"Kolejny eksperyment" Rozdział VI
Swobodnie przemierzałam korytarz mimo panującego tam półmroku. Doskonale wiedziałam, gdzie ma się udać. Z delikatnym uśmiechem czułam jak moje zapuszczone do pasa brązowe włosy tańczą na wietrze, a zielone oczy z ciekawością rozglądały się za odpowiednimi drzwiami.
Po kilku minutach dotarłam na miejsce. Włożyłam klucz do zamka i go przekręciłam. Drewniane wrota otworzyły się okropnie i głośno skrzypiąc. Mimowolnie się skrzywiłam próbując nie kichnąć, przez zalegający na półkach z bronią kurz.

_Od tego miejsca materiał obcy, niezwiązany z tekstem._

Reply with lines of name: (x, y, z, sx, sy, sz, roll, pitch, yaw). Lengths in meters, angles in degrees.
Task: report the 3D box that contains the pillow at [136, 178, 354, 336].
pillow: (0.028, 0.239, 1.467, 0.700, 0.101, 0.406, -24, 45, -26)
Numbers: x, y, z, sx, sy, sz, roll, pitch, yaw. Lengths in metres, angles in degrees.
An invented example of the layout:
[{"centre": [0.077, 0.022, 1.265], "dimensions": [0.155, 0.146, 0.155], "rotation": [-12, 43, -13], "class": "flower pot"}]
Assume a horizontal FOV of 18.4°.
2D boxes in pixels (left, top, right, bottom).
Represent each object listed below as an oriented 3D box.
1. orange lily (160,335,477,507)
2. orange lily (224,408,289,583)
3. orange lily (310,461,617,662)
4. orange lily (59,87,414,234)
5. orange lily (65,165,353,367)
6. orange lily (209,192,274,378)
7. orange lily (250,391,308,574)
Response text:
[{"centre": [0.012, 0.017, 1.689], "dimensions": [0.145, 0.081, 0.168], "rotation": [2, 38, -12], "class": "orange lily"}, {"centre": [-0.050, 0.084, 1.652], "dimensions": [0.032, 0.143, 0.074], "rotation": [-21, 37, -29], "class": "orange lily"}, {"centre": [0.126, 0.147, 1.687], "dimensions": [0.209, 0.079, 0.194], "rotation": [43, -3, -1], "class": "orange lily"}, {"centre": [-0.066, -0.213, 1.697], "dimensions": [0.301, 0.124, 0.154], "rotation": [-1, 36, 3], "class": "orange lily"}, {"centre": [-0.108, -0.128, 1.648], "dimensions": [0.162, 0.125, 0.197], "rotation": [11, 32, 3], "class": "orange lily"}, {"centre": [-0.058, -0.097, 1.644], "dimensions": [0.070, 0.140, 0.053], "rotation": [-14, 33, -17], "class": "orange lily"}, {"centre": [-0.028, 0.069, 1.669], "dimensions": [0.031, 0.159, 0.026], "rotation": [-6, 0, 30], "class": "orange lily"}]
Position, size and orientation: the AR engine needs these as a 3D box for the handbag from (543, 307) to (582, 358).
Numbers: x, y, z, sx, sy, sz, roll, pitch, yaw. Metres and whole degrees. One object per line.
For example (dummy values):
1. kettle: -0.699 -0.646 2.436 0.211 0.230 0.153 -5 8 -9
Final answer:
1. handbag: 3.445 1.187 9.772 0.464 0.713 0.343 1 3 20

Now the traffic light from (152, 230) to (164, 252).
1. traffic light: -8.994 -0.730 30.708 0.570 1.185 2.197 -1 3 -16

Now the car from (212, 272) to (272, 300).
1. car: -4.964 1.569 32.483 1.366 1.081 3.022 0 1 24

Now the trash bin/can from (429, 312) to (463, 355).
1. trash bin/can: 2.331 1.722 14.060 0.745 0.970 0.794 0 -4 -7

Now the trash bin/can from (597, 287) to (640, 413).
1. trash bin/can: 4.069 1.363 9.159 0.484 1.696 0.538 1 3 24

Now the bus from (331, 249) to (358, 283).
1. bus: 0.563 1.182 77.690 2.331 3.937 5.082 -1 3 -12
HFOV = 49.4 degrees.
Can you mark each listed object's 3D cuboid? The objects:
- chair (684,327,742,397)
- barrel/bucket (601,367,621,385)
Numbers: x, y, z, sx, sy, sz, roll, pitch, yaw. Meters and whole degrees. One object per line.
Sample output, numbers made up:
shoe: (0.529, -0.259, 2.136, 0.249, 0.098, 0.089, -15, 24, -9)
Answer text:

-To jaką zabaweczkę zabrać na misję w Konosze?- mamrotałam pod nosem, kierując pytanie do samej siebie.
Przyglądałam się najróżniejszym metalowym narzędziom. Było tam mnóstwo shurikenów, kunaiów, katan, Yari (rodzaj włóczni), Tanto (rodzaj sztyletu), Chigiriki (kij z łańcuchem, z ciężką kulą na końcu.), łuki i kije Bo. Oczywiście było tego o wiele więcej.
Sięgnęłam bo zupełnie nowy dobytek Orochimaru- Kyoketsu-shoge.(niżej na zdjęciu dop. aut.)

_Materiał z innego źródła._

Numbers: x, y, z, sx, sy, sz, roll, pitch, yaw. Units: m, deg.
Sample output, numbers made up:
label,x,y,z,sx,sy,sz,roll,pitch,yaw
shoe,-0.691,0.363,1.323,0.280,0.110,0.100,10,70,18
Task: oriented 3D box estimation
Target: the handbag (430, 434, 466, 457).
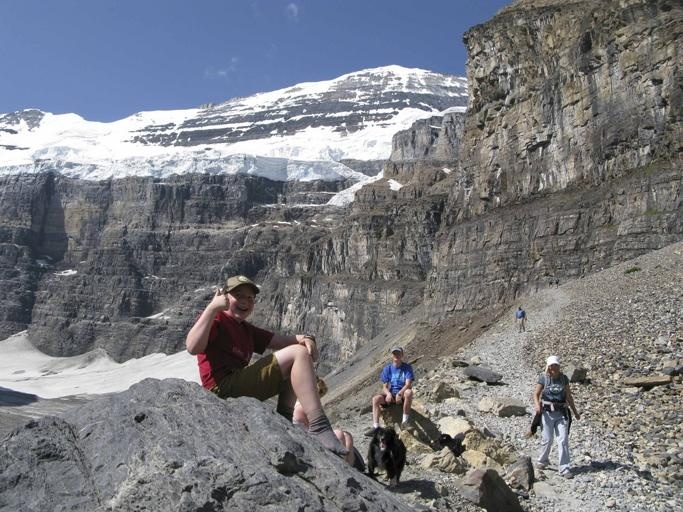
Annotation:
label,x,y,z,sx,sy,sz,roll,pitch,yaw
handbag,4.280,7.281,29.823,0.777,0.591,1.128,-6,-3,10
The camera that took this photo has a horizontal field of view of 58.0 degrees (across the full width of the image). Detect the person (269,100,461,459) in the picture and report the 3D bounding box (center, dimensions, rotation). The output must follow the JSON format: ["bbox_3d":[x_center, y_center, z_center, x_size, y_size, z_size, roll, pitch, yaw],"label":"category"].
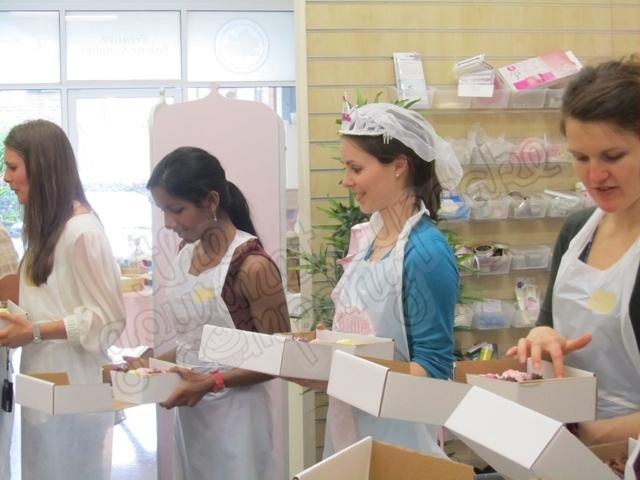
[{"bbox_3d":[0.174,0.037,2.326,0.696,2.091,0.724,0,2,-3],"label":"person"}]

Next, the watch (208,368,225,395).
[{"bbox_3d":[-0.262,0.363,1.481,0.035,0.057,0.051,-2,-18,-17],"label":"watch"}]

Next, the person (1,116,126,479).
[{"bbox_3d":[-0.657,0.165,1.450,0.363,0.950,0.191,1,4,30],"label":"person"}]

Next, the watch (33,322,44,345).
[{"bbox_3d":[-0.698,0.230,1.425,0.020,0.053,0.050,-4,4,-30],"label":"watch"}]

Jednakże, gdy go podniosłam zauważyłam coś co mnie zainteresowało. W miejscu, gdzie jeszcze przed chwilą leżała ów broń umiejscowiona była mała dźwignia. Zaczęłam się jej przyglądać z jeszcze większym zainteresowaniem, gdy usłyszałam dziwne dźwięki dochodzące zza szafy, na której znajdowało się narzędzie. Na moje oko była tam tylko oko nie była tam nic prócz brudnej i zniszczonej ściany.
Ciekawość ludzka nie pozwoliła mi jednak odejść jak, gdyby nigdy nic. Zdecydowanym ruchem pociągnęłam za dźwigienkę i czekałam cierpliwie, aż coś się w końcu wydarzy.

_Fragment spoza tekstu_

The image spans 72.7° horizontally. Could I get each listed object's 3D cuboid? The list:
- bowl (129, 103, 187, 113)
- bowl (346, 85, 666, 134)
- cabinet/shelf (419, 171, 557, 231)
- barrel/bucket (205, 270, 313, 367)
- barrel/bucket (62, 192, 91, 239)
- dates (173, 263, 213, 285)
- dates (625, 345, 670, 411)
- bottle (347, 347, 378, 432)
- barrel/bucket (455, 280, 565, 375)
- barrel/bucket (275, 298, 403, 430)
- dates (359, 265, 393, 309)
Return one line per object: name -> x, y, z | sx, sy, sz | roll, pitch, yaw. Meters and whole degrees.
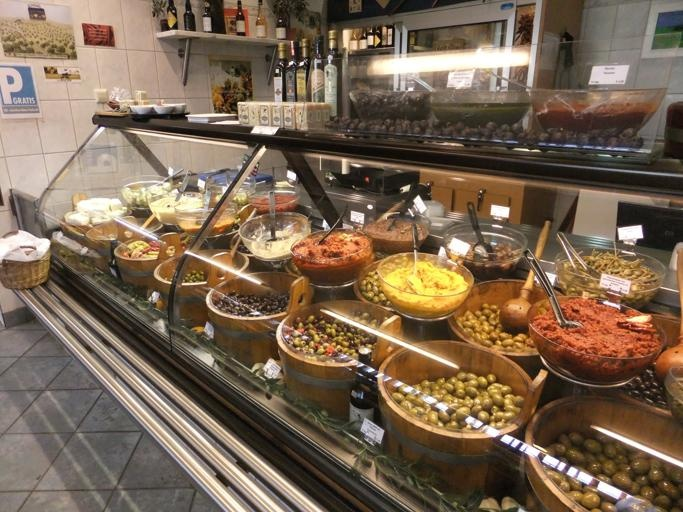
bowl -> -1.041, -0.841, 2.642 | 0.281, 0.054, 0.289 | -1, 24, 0
bowl -> 0.459, -0.483, 1.495 | 0.941, 0.139, 0.073 | 15, 30, 31
cabinet/shelf -> 0.501, -0.207, 1.620 | 0.442, 0.184, 0.259 | -4, 14, -16
barrel/bucket -> -0.396, 0.206, 1.899 | 0.400, 0.403, 0.361 | 17, 56, 15
barrel/bucket -> -1.566, -0.231, 2.773 | 0.164, 0.204, 0.417 | -14, 28, -26
dates -> -0.597, 0.070, 1.884 | 0.101, 0.043, 0.095 | 8, 18, 8
dates -> 0.797, 0.351, 1.225 | 0.074, 0.077, 0.074 | 8, 18, 21
bottle -> 0.069, 0.417, 1.433 | 0.094, 0.224, 0.071 | 22, 24, 40
barrel/bucket -> 0.529, 0.179, 1.550 | 0.376, 0.233, 0.388 | 3, 13, -1
barrel/bucket -> -0.075, 0.291, 1.665 | 0.487, 0.350, 0.378 | -6, 21, -27
dates -> 0.123, 0.114, 1.666 | 0.122, 0.049, 0.118 | -15, 28, -28
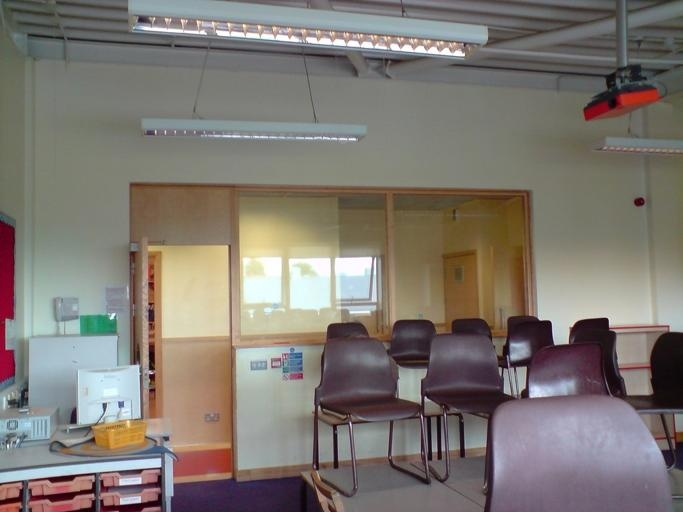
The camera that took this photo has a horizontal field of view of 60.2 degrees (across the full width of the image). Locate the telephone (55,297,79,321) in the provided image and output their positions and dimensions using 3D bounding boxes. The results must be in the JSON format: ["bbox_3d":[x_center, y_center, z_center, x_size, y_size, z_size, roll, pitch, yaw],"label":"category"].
[{"bbox_3d":[-2.589,0.501,5.537,0.129,0.226,0.221,-3,-3,18],"label":"telephone"}]

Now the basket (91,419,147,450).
[{"bbox_3d":[-1.448,1.166,3.859,0.255,0.100,0.172,0,-1,-44],"label":"basket"}]

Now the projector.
[{"bbox_3d":[2.213,-1.235,4.683,0.251,0.198,0.596,-1,-3,-26],"label":"projector"}]

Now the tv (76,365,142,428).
[{"bbox_3d":[-1.655,0.990,4.185,0.410,0.387,0.117,-1,-3,-27],"label":"tv"}]

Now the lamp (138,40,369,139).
[{"bbox_3d":[-0.803,-1.177,5.512,2.048,0.162,0.353,-2,-3,-7],"label":"lamp"}]
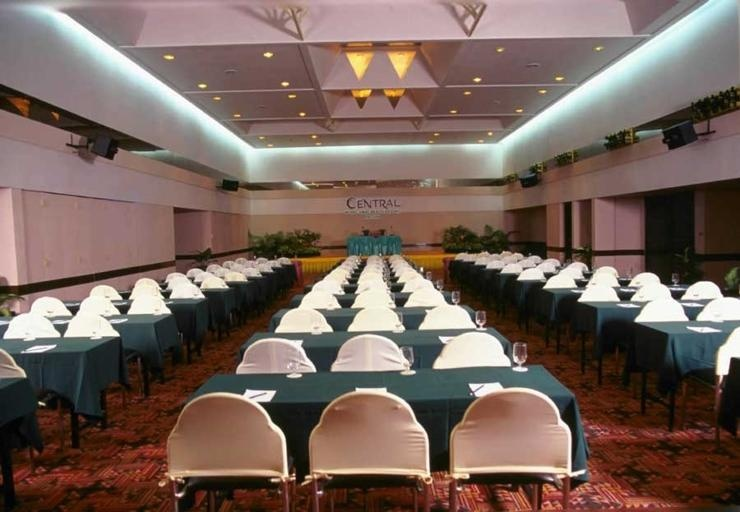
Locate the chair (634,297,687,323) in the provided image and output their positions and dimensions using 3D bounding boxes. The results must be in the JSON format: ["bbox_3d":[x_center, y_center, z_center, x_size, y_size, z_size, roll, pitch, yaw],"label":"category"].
[{"bbox_3d":[3.615,0.692,6.624,0.407,0.548,0.398,-1,-1,12],"label":"chair"}]

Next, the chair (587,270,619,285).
[{"bbox_3d":[4.063,0.404,9.371,0.316,0.154,0.368,0,1,4],"label":"chair"}]

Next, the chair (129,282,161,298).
[{"bbox_3d":[-3.904,0.605,9.334,0.370,0.196,0.377,1,8,2],"label":"chair"}]

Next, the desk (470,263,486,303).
[{"bbox_3d":[2.577,0.598,12.630,0.607,0.940,0.680,-1,-3,13],"label":"desk"}]

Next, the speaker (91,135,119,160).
[{"bbox_3d":[-5.481,-2.240,10.950,0.280,0.460,0.458,4,-2,16],"label":"speaker"}]

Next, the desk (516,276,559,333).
[{"bbox_3d":[2.866,0.900,9.339,0.688,0.905,0.800,-1,7,2],"label":"desk"}]

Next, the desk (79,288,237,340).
[{"bbox_3d":[-3.730,1.057,9.139,2.487,0.960,0.783,-2,1,20],"label":"desk"}]

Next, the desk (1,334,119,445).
[{"bbox_3d":[-3.562,1.347,6.414,1.421,1.006,1.110,-1,0,3],"label":"desk"}]

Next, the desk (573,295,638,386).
[{"bbox_3d":[3.115,1.181,7.588,0.919,1.033,1.048,0,2,2],"label":"desk"}]

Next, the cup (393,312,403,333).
[{"bbox_3d":[0.314,0.837,6.579,0.162,0.244,0.178,0,-4,0],"label":"cup"}]

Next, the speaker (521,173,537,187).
[{"bbox_3d":[5.296,-2.523,17.531,0.401,0.358,1.116,-2,1,1],"label":"speaker"}]

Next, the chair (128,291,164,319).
[{"bbox_3d":[-3.286,0.722,7.908,0.389,0.244,0.392,2,-5,-18],"label":"chair"}]

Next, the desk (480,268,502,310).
[{"bbox_3d":[2.610,0.690,11.516,0.653,0.885,0.665,1,1,0],"label":"desk"}]

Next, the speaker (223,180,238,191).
[{"bbox_3d":[-4.699,-2.376,17.871,0.118,0.337,0.523,1,-1,28],"label":"speaker"}]

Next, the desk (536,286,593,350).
[{"bbox_3d":[3.116,0.958,8.791,0.805,0.802,0.808,0,9,0],"label":"desk"}]

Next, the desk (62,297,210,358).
[{"bbox_3d":[-2.929,1.099,7.926,1.064,0.586,1.044,-16,2,-8],"label":"desk"}]

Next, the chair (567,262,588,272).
[{"bbox_3d":[4.599,0.232,11.637,0.358,0.172,0.413,-1,-2,12],"label":"chair"}]

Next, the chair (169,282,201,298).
[{"bbox_3d":[-3.169,0.613,9.194,0.335,0.206,0.341,1,3,13],"label":"chair"}]

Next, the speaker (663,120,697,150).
[{"bbox_3d":[6.033,-2.341,10.386,0.547,0.458,0.839,-3,2,4],"label":"speaker"}]

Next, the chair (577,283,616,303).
[{"bbox_3d":[3.379,0.570,7.877,0.342,0.457,0.343,-2,-8,14],"label":"chair"}]

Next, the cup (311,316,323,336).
[{"bbox_3d":[-0.655,0.825,6.252,0.169,0.192,0.182,0,-9,0],"label":"cup"}]

Przez kilkanaście dobrych sekund nic się nie działo. Lekko zdenerwowana kopnęłam szafę wprawiając jakiś mechanizm w ruch. Drewniany mebel przesunął się, abym mogła dostrzec głęboki na kilka metrów długi tunel, na którego końcu zauważyłam czerwono-złote światło, co chwilę zmieniające intensywność wspomnianych wcześniej kolorów.
Moja ciekawość sięgnęła zenitu. Powoli zaczęłam się zbliżać do źródła blasku, zważając gdzie stawiam nogę, gdyż mogły się tu znajdować pułapki Orochimaru. Na moje szczęście nie były one bardziej skąplikowane od tych, które były moją codzienną rutyną na treningu.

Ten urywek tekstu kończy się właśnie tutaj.